Por ello, estimo que la responsabilidad civil sólo debe encargarse de reparar o resarcir el daño […] (Chang Hernández 2013, 181)
[…] la responsabilidad extracontractual tiene una función reparativa antes que punitiva o vindicativa. El castigo de las conductas socialmente indeseables –que es un fin público– se aplica a través de sanciones penales o administrativas (multas, inhabilitaciones, retiro de la licencia de conducir, etc.). El Derecho Civil, en tanto que Derecho Privado, cautela más bien los intereses de las personas, por lo que, en materia de responsabilidad extracontractual, busca que la víctima no se encuentre desamparada: su preocupación central no está en el culpable ni en la falta, sino en la víctima y en el daño. (de Trazegnies Granda 2016, 16).
[…] es importante que se establezca claramente la línea de frontera entre la pena privada y la tutela resarcitoria: (i) la primera, como su nombre lo indica, está pensada para fijar un sanción de índole civil a un comportamiento que el ordenamiento reprueba y debe desincentivar; la segunda, está destinada a satisfacer un interés lesionado por el daño; (ii) la primera, se activa entonces con absoluta presidencia del elemento «daño» […], pues su única atención gira o debe girar en torno a la conducta contraria a derecho que se quiere sancionar y desincentivar; la segunda no puede activarse sino en presencia del daño resarcible y de todos sus elementos conformantes (Fernández Cruz 2017, 32)

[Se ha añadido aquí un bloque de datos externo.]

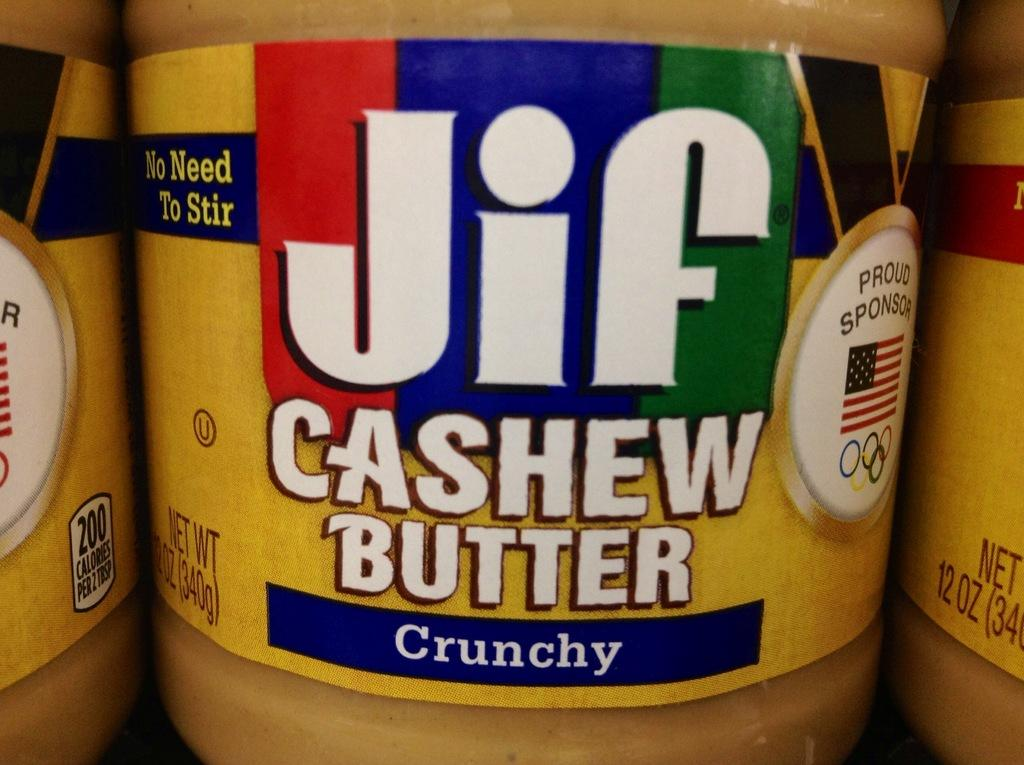<image>
Describe the image concisely. Jif Cashew peanut butter crunchy in between two other peanut butter jars.

Pese a lo dicho, esta función suele ser atribuida al daño moral; señalándose al respecto:
Siempre ha existido, más o menos oscuramente, la idea de que en la indemnización del daño moral existe un elemento punitivo. (Díez-Picazo 2008, 99)
14 El mismo argumento es sostenido en las siguientes palabras:
Hay otros mecanismos y otras instituciones que por su propia estructura y por sus propios principios se encuentran en mejor posición y desarrollan mejor algunas de estas funciones preventivas o incluso punitivas (muy claramente, el derecho penal o el derecho administrativo sancionador). (Seuba Torreblanca 2012, 53)
[…] la opinión dominante en el civil law, es de negar la admisibilidad y pertinencia de una función punitiva o penal de la responsabilidad civil, que es más bien del derecho penal y del derecho administrativo sancionador. (Fernández Cruz 2001, 263)
No obstante, en contra se ha señalado que esto «… es cierto a medias: […] [ya que] hay un espectro enorme de daños inmateriales que no tienen cabida para ser sancionados, ni por el Derecho Penal ni por el Administrativo» (Jiménez Vargas-Machuca 2005, 280).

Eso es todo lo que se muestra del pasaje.